PROBLEM |
The lines to be extracted run from the start of the listing through the line containing "4. car (1134,850,1143,858)"; copy them exactly and nothing else.

SUPPLIED MATERIAL |

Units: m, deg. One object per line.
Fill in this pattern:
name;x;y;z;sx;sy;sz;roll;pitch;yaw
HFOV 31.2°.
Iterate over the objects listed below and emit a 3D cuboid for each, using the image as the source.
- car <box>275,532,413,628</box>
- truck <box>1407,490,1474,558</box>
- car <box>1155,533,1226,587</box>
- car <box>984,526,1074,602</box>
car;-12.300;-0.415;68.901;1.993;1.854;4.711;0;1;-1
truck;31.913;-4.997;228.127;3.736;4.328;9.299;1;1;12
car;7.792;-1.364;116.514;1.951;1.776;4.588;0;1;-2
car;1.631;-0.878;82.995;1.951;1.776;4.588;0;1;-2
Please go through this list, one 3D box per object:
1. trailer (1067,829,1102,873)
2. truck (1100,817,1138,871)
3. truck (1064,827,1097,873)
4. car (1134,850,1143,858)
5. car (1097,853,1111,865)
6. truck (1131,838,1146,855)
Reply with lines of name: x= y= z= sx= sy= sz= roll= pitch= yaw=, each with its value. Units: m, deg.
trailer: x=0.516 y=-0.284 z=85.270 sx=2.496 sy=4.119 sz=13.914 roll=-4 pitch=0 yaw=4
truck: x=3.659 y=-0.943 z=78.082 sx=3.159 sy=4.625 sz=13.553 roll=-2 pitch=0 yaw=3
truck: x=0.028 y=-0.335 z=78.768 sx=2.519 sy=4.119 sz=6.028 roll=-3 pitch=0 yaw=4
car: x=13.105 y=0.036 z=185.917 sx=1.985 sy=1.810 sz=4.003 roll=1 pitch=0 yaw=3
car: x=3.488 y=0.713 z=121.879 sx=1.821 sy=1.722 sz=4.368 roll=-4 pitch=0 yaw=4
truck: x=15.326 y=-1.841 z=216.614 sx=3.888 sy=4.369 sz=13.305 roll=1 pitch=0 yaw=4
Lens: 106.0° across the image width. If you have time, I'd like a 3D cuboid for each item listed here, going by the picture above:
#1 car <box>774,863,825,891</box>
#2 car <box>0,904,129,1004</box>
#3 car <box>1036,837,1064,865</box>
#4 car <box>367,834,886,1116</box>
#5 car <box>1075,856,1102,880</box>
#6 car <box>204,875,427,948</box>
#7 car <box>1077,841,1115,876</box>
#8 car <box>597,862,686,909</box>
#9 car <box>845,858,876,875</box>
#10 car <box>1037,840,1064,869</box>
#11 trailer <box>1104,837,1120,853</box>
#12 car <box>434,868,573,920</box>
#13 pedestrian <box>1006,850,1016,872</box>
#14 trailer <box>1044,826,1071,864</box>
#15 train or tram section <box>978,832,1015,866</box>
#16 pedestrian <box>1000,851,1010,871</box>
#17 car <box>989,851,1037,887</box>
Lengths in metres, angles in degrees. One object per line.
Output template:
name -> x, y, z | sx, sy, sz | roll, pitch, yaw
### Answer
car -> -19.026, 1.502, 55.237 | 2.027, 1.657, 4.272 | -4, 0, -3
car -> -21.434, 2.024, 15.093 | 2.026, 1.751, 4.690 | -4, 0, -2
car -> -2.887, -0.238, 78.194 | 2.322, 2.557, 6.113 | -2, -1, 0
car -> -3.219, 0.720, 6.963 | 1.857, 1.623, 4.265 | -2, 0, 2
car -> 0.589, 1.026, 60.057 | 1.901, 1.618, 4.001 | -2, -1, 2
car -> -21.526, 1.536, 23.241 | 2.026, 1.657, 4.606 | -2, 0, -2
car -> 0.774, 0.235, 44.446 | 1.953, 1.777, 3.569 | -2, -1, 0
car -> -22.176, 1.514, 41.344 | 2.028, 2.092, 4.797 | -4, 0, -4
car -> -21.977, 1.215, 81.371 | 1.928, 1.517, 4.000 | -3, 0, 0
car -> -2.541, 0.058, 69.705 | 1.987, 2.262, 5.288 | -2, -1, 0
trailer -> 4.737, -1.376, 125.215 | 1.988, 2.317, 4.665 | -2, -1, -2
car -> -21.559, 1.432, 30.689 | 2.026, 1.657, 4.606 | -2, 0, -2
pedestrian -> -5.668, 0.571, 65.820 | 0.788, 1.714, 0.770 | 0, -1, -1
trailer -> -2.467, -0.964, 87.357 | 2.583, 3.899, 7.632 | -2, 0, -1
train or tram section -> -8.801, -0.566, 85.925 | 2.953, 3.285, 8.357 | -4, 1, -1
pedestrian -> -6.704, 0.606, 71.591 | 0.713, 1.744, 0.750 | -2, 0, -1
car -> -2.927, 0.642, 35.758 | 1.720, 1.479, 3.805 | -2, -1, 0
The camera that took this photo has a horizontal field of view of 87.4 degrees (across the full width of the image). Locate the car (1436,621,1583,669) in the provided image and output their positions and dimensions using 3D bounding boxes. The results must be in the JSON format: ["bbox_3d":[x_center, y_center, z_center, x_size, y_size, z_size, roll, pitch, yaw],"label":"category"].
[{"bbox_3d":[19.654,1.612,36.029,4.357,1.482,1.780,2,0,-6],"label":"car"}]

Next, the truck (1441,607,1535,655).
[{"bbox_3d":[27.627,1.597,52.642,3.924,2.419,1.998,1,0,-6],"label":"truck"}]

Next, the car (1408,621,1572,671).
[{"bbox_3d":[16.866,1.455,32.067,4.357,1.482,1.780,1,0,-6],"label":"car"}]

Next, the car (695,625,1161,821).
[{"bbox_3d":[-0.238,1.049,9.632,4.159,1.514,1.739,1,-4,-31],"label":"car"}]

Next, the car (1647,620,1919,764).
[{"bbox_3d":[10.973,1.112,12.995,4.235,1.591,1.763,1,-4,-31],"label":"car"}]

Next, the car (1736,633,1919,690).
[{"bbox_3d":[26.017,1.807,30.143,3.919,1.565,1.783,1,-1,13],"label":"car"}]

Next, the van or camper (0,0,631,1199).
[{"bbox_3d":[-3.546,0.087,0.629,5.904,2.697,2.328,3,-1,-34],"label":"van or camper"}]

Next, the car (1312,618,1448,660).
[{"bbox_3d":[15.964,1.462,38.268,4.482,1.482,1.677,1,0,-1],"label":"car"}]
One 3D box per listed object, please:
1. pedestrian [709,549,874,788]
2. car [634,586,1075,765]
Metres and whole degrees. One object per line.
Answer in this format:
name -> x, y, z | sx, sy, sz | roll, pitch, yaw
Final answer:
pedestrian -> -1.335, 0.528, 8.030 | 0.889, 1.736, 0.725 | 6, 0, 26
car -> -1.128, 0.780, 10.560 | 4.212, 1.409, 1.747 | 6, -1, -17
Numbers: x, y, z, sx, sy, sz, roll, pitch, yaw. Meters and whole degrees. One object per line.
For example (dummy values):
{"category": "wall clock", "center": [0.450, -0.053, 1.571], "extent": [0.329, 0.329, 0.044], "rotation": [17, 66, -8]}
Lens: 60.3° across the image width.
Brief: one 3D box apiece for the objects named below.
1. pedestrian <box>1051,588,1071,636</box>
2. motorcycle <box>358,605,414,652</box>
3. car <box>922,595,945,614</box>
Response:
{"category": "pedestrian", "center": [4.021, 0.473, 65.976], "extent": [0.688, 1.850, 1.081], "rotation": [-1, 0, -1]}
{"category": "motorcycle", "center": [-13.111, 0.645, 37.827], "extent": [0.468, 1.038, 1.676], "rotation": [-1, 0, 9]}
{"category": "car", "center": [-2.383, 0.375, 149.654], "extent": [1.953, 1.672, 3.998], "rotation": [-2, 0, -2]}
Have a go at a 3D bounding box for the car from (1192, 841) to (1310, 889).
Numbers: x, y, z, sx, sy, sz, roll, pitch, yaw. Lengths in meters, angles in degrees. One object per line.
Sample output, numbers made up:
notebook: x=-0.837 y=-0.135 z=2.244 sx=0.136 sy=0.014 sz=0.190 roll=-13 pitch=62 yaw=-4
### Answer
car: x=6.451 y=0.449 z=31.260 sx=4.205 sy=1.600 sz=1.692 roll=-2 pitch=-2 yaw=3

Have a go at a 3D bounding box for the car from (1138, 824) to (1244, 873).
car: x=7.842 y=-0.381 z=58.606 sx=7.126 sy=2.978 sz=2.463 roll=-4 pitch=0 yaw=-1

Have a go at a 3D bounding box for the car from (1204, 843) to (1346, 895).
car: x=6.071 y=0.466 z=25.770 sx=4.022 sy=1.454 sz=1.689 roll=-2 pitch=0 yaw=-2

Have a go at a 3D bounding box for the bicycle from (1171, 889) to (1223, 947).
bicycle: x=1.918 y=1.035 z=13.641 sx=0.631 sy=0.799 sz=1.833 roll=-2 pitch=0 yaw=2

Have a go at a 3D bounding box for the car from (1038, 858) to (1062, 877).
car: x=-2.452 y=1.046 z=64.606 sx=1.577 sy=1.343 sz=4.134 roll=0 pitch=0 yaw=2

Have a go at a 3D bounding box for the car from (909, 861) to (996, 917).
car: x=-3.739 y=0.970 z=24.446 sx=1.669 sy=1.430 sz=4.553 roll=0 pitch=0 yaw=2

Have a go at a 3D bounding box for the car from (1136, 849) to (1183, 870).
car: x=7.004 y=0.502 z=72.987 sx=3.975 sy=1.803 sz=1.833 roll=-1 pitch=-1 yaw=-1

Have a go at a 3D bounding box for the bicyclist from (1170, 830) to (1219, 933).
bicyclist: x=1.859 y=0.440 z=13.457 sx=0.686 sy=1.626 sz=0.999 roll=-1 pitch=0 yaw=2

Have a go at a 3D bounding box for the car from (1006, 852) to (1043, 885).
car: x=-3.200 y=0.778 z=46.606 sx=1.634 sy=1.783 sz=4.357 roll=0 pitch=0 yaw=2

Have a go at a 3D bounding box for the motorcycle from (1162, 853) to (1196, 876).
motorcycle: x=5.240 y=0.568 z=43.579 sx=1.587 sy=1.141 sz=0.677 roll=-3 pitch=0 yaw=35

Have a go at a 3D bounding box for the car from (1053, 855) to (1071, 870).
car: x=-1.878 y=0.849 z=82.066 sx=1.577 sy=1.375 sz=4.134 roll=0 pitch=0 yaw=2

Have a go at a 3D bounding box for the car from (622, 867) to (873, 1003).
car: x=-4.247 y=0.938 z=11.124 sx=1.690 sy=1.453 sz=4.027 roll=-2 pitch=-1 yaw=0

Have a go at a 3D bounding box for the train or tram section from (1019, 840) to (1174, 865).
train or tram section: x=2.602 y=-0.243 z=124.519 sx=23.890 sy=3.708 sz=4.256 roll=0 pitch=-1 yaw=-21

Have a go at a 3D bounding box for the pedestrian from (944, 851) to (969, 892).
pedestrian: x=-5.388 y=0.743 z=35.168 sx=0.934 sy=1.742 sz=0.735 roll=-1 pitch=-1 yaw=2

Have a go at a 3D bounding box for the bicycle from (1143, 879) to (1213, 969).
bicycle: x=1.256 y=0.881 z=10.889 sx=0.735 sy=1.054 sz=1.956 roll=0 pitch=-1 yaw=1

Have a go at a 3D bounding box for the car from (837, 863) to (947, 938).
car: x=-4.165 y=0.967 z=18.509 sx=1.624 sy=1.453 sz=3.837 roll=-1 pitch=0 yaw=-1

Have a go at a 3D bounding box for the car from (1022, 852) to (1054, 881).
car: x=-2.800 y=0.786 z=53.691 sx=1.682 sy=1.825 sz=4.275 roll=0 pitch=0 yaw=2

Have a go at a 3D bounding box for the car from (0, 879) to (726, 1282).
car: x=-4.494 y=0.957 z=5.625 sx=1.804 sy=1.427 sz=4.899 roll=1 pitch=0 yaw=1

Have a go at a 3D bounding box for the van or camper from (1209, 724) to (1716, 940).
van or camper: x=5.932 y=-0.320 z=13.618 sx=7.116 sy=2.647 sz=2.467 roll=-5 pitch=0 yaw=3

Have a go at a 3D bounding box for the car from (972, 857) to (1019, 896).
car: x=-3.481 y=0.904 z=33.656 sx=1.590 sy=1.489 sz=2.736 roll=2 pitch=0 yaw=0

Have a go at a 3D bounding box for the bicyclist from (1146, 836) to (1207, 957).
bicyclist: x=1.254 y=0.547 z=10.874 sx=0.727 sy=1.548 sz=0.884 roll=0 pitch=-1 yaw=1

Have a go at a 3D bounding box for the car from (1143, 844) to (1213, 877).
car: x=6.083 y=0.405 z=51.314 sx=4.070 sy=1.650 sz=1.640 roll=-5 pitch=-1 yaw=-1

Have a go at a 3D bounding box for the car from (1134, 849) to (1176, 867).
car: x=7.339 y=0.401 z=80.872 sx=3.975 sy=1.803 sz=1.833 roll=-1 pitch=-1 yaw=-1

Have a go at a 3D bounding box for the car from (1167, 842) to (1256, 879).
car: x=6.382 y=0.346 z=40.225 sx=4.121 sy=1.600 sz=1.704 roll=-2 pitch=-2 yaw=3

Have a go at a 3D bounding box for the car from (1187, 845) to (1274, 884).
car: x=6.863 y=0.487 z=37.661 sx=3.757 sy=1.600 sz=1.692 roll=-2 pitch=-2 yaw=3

EXERCISE ANSWER |
Units: m, deg. One object per line.
Fill in this pattern:
name;x;y;z;sx;sy;sz;roll;pitch;yaw
HFOV 31.2°.
Iterate over the objects listed below and emit a 3D cuboid for each, using the image as the source.
- car <box>275,532,413,628</box>
- truck <box>1407,490,1474,558</box>
- car <box>1155,533,1226,587</box>
- car <box>984,526,1074,602</box>
car;-12.300;-0.415;68.901;1.993;1.854;4.711;0;1;-1
truck;31.913;-4.997;228.127;3.736;4.328;9.299;1;1;12
car;7.792;-1.364;116.514;1.951;1.776;4.588;0;1;-2
car;1.631;-0.878;82.995;1.951;1.776;4.588;0;1;-2
Please go through this list, one 3D box per object:
1. trailer (1067,829,1102,873)
2. truck (1100,817,1138,871)
3. truck (1064,827,1097,873)
4. car (1134,850,1143,858)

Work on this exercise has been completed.